* _What to do_: For each line below that holds "short", return the line as it stands.

*** Task input Section Begins ***

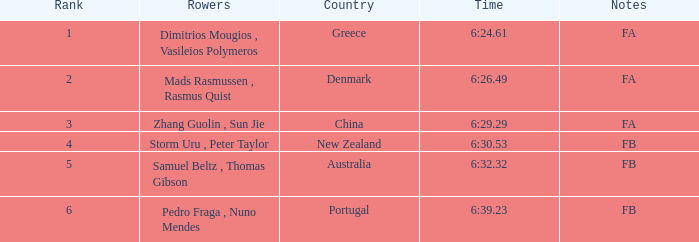61? Dimitrios Mougios , Vasileios Polymeros. 
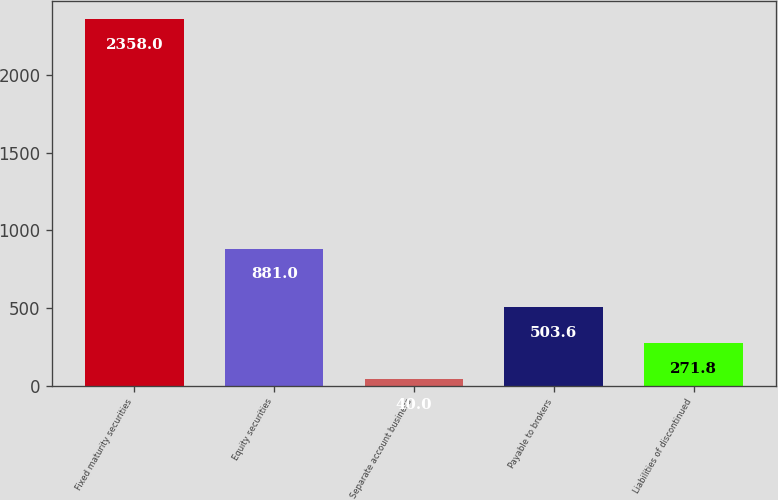<chart> <loc_0><loc_0><loc_500><loc_500><bar_chart><fcel>Fixed maturity securities<fcel>Equity securities<fcel>Separate account business<fcel>Payable to brokers<fcel>Liabilities of discontinued<nl><fcel>2358<fcel>881<fcel>40<fcel>503.6<fcel>271.8<nl></chart> 
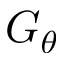Convert formula to latex. <formula><loc_0><loc_0><loc_500><loc_500>G _ { \theta }</formula> 
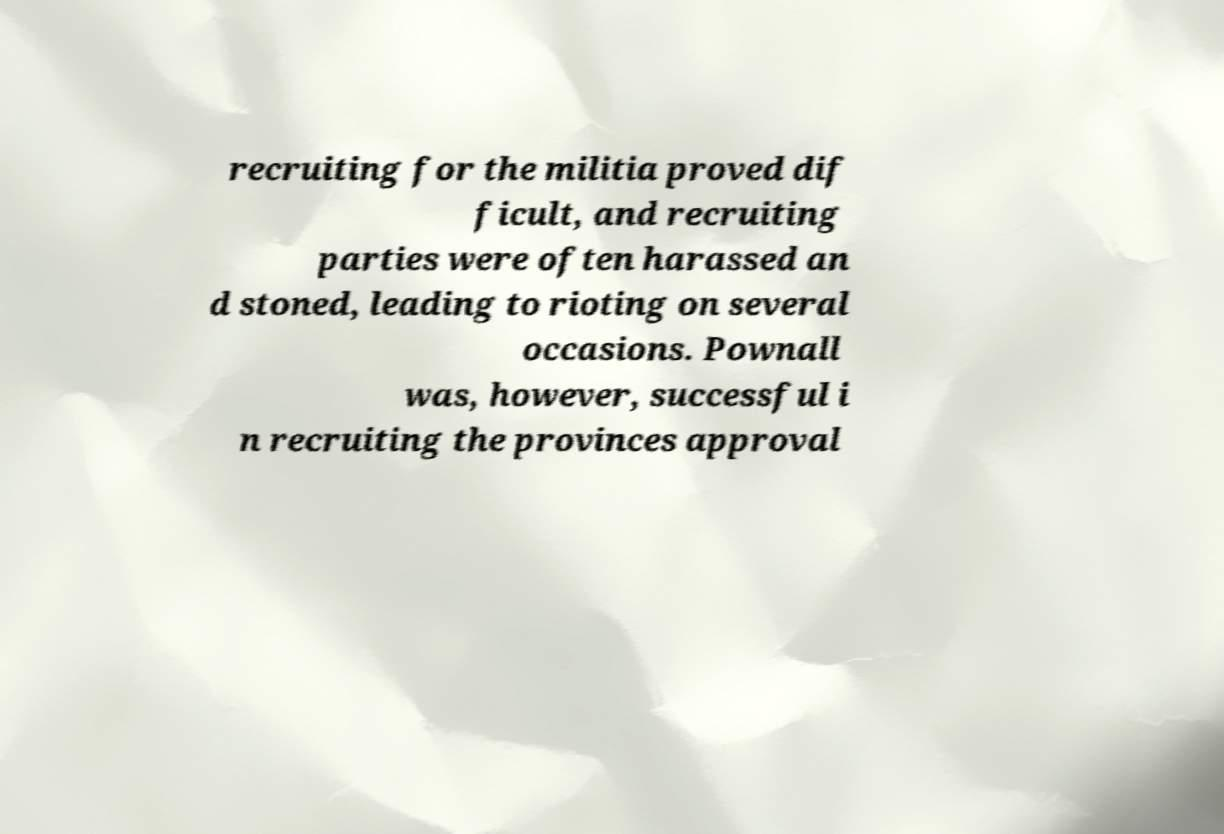Please read and relay the text visible in this image. What does it say? recruiting for the militia proved dif ficult, and recruiting parties were often harassed an d stoned, leading to rioting on several occasions. Pownall was, however, successful i n recruiting the provinces approval 
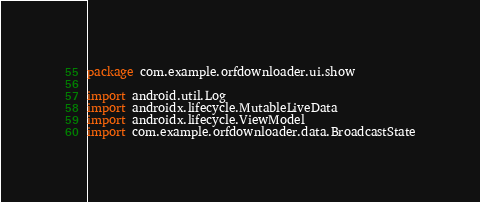Convert code to text. <code><loc_0><loc_0><loc_500><loc_500><_Kotlin_>package com.example.orfdownloader.ui.show

import android.util.Log
import androidx.lifecycle.MutableLiveData
import androidx.lifecycle.ViewModel
import com.example.orfdownloader.data.BroadcastState</code> 
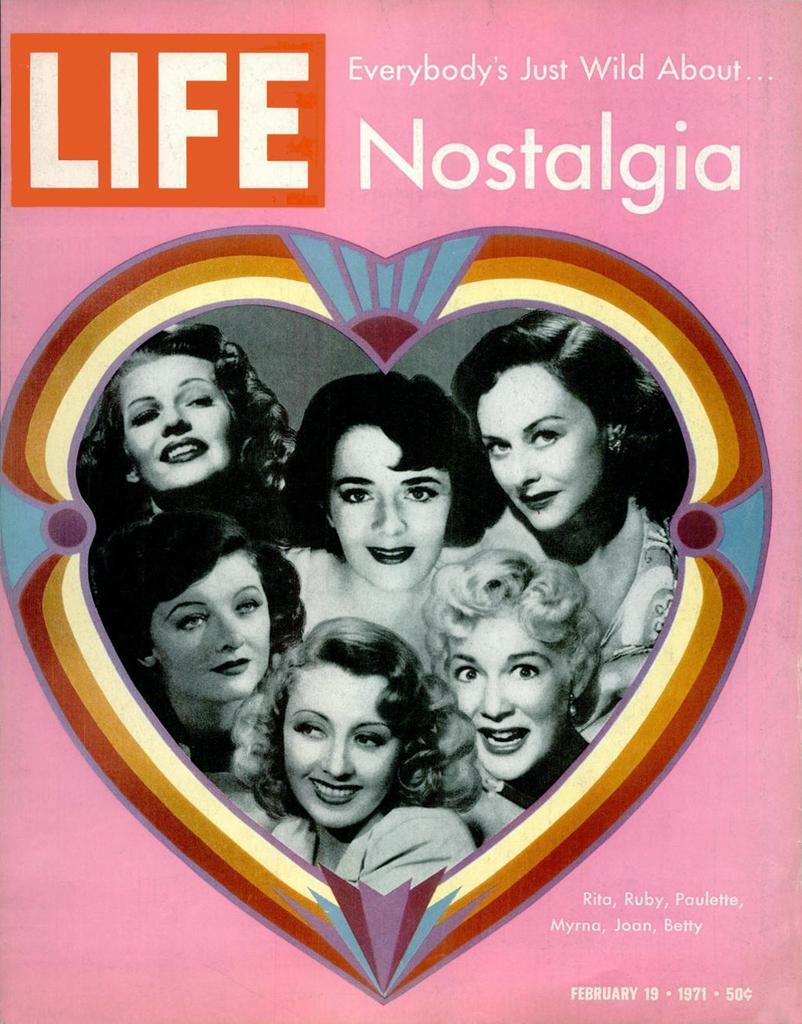How would you summarize this image in a sentence or two? In this image there is a poster, in that poster there are six women photos, at the top there is a text, in the bottom right there is text. 
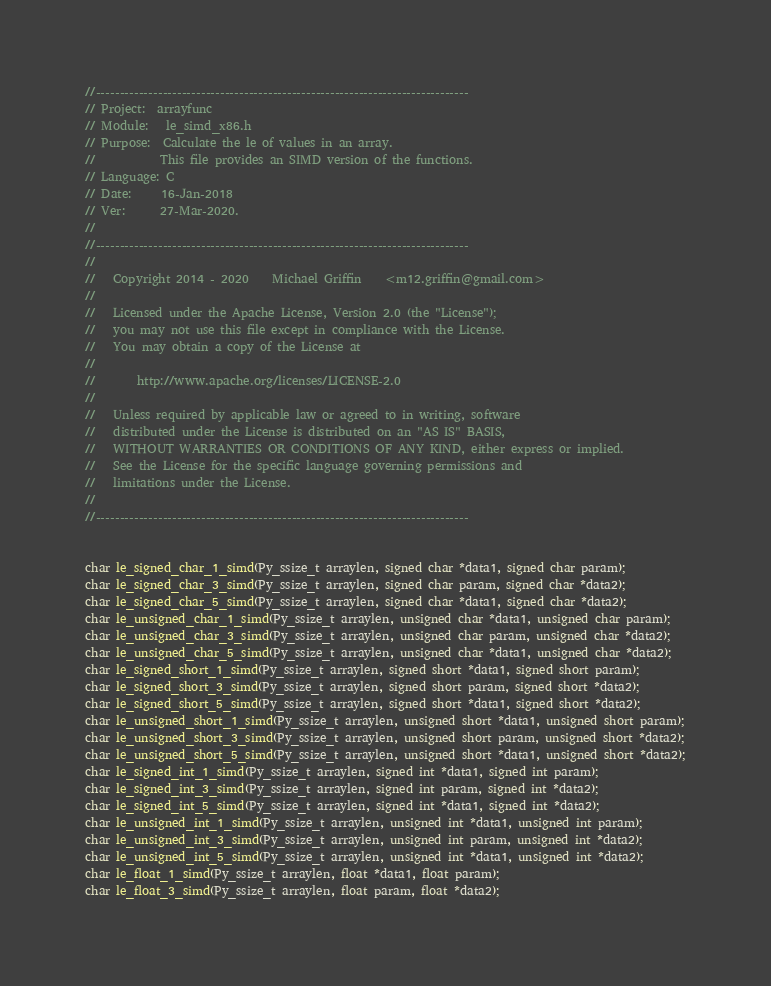<code> <loc_0><loc_0><loc_500><loc_500><_C_>//------------------------------------------------------------------------------
// Project:  arrayfunc
// Module:   le_simd_x86.h
// Purpose:  Calculate the le of values in an array.
//           This file provides an SIMD version of the functions.
// Language: C
// Date:     16-Jan-2018
// Ver:      27-Mar-2020.
//
//------------------------------------------------------------------------------
//
//   Copyright 2014 - 2020    Michael Griffin    <m12.griffin@gmail.com>
//
//   Licensed under the Apache License, Version 2.0 (the "License");
//   you may not use this file except in compliance with the License.
//   You may obtain a copy of the License at
//
//       http://www.apache.org/licenses/LICENSE-2.0
//
//   Unless required by applicable law or agreed to in writing, software
//   distributed under the License is distributed on an "AS IS" BASIS,
//   WITHOUT WARRANTIES OR CONDITIONS OF ANY KIND, either express or implied.
//   See the License for the specific language governing permissions and
//   limitations under the License.
//
//------------------------------------------------------------------------------


char le_signed_char_1_simd(Py_ssize_t arraylen, signed char *data1, signed char param);
char le_signed_char_3_simd(Py_ssize_t arraylen, signed char param, signed char *data2);
char le_signed_char_5_simd(Py_ssize_t arraylen, signed char *data1, signed char *data2);
char le_unsigned_char_1_simd(Py_ssize_t arraylen, unsigned char *data1, unsigned char param);
char le_unsigned_char_3_simd(Py_ssize_t arraylen, unsigned char param, unsigned char *data2);
char le_unsigned_char_5_simd(Py_ssize_t arraylen, unsigned char *data1, unsigned char *data2);
char le_signed_short_1_simd(Py_ssize_t arraylen, signed short *data1, signed short param);
char le_signed_short_3_simd(Py_ssize_t arraylen, signed short param, signed short *data2);
char le_signed_short_5_simd(Py_ssize_t arraylen, signed short *data1, signed short *data2);
char le_unsigned_short_1_simd(Py_ssize_t arraylen, unsigned short *data1, unsigned short param);
char le_unsigned_short_3_simd(Py_ssize_t arraylen, unsigned short param, unsigned short *data2);
char le_unsigned_short_5_simd(Py_ssize_t arraylen, unsigned short *data1, unsigned short *data2);
char le_signed_int_1_simd(Py_ssize_t arraylen, signed int *data1, signed int param);
char le_signed_int_3_simd(Py_ssize_t arraylen, signed int param, signed int *data2);
char le_signed_int_5_simd(Py_ssize_t arraylen, signed int *data1, signed int *data2);
char le_unsigned_int_1_simd(Py_ssize_t arraylen, unsigned int *data1, unsigned int param);
char le_unsigned_int_3_simd(Py_ssize_t arraylen, unsigned int param, unsigned int *data2);
char le_unsigned_int_5_simd(Py_ssize_t arraylen, unsigned int *data1, unsigned int *data2);
char le_float_1_simd(Py_ssize_t arraylen, float *data1, float param);
char le_float_3_simd(Py_ssize_t arraylen, float param, float *data2);</code> 
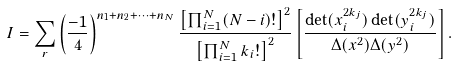<formula> <loc_0><loc_0><loc_500><loc_500>I = \sum _ { r } \left ( \frac { - 1 } { 4 } \right ) ^ { n _ { 1 } + n _ { 2 } + \cdots + n _ { N } } \frac { \left [ \prod _ { i = 1 } ^ { N } ( N - i ) ! \right ] ^ { 2 } } { \left [ \prod _ { i = 1 } ^ { N } k _ { i } ! \right ] ^ { 2 } } \left [ \frac { \det ( x _ { i } ^ { 2 k _ { j } } ) \det ( y _ { i } ^ { 2 k _ { j } } ) } { \Delta ( x ^ { 2 } ) \Delta ( y ^ { 2 } ) } \right ] .</formula>

*** Task input Section Ends ***

* _Output below_:
char le_signed_short_1_simd(Py_ssize_t arraylen, signed short *data1, signed short param);
char le_signed_short_3_simd(Py_ssize_t arraylen, signed short param, signed short *data2);
char le_signed_short_5_simd(Py_ssize_t arraylen, signed short *data1, signed short *data2);
char le_unsigned_short_1_simd(Py_ssize_t arraylen, unsigned short *data1, unsigned short param);
char le_unsigned_short_3_simd(Py_ssize_t arraylen, unsigned short param, unsigned short *data2);
char le_unsigned_short_5_simd(Py_ssize_t arraylen, unsigned short *data1, unsigned short *data2);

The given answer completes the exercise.